Basran mengaku menemukan hambatan dalam membuat jurnal terkait dengan penemuan gambar cadas di Leang Tedongnge. Dia berkata membutuhkan waktu lama untuk menemukan isu yang cocok.
Namun, dengan berbagai alasan akhirnya memutuskan untuk mengambil isu tentang seni gua tertua di Sulawesi yang diterbitkan di Science Advance.
Basran mengklaim sejumlah pihak sudah mulai peduli dengan situs arkeologi yang ada di Indonesia. Dia berharap kepedulian itu terus berlanjut agar situs arkeolog bisa membantu peneliti mengungkap kehidupan prasejarah.
"Saat ini sudah lebih baik dibandingkan beberapa tahun lalu. Sekarang itu beberapa stakeholder sudah mendukung," ujar Basran.
Basran kepedulian itu biasanya muncul ketika peneliti selesai menganalisis tinggalan prasejarah yang ditemukan. Sebelum itu, peneliti sebuah situs yang berusaha untuk menjaga agar tidak rusak atau dirusak.
Di Kabupaten Pangkajene dan Kepulauan misalnya, dia berkata sebuah perusahaan tambang merelakan wilayah eksplorasinya karena terdapat situs prasejarah.

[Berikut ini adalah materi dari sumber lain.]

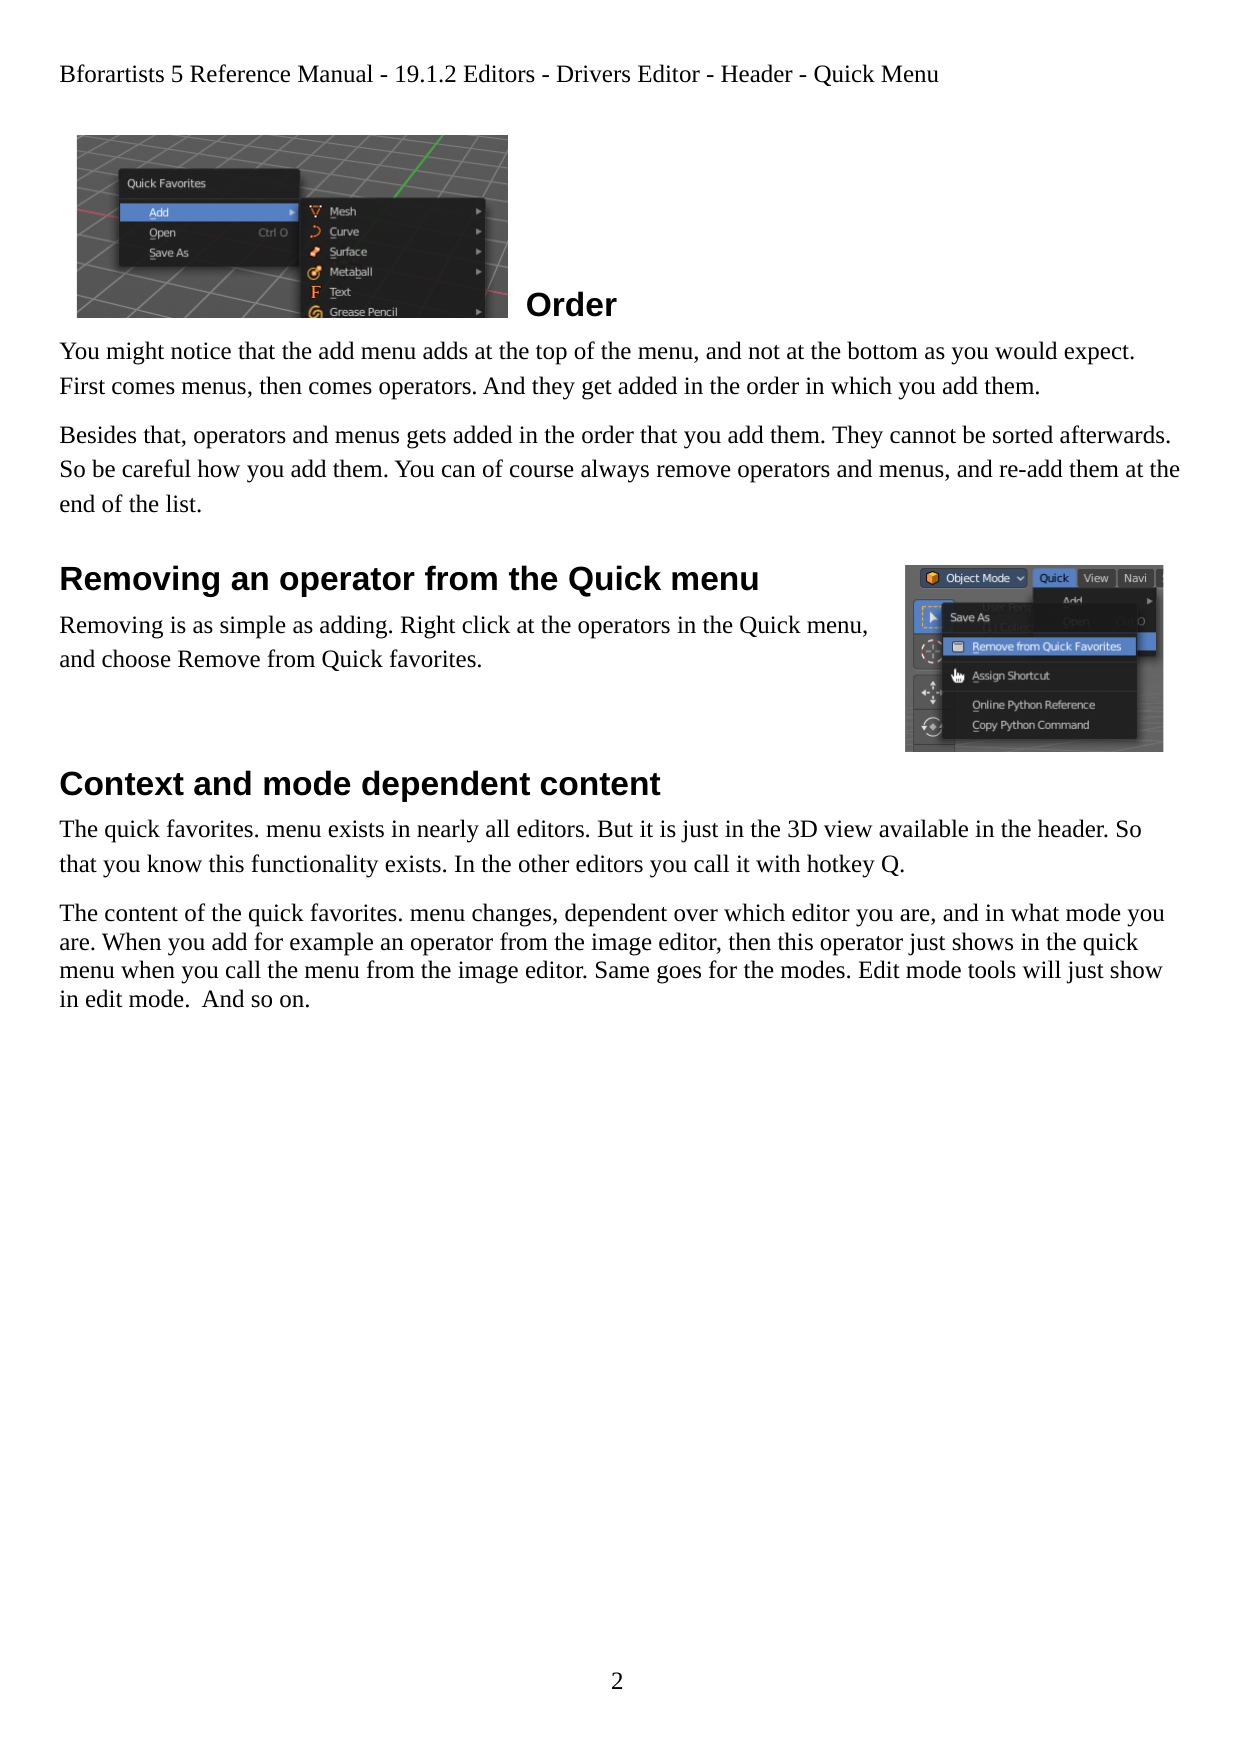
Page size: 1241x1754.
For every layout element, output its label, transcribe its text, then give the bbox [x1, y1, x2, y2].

Serah terima wilayah itu diharapkan dapat membuat situs tetap ada dan diteliti lebih lanjut.
"Jadi paling tidak mereka sudah punya kepedulian walaupun memang masih banyak kasus yang menyebabkan situs arkeologi rusak," ujarnya.
Basran membeberkan vandalisme adalah salah satu penyebab situs arkeologi rusak. Keterbatasan kemampuan pengawasan, kata dia membuat vandalisme ditemukan di sejumlah situs arkeologi.
"Yang susah dikontrol itu vandalisme," ujar Basran.
Terakit dengan Leang Tedongnge, Basran mengaku pihaknya sengaja merahasiakan lokasinya. Sebab, dia khawatir Leang Tedongnge menjadi sasaran vandalisme.
Lebih dari itu, dia berkata pihaknya sedang berusaha untuk menghadirkan juru pelihara di situs arkeolog tersebut.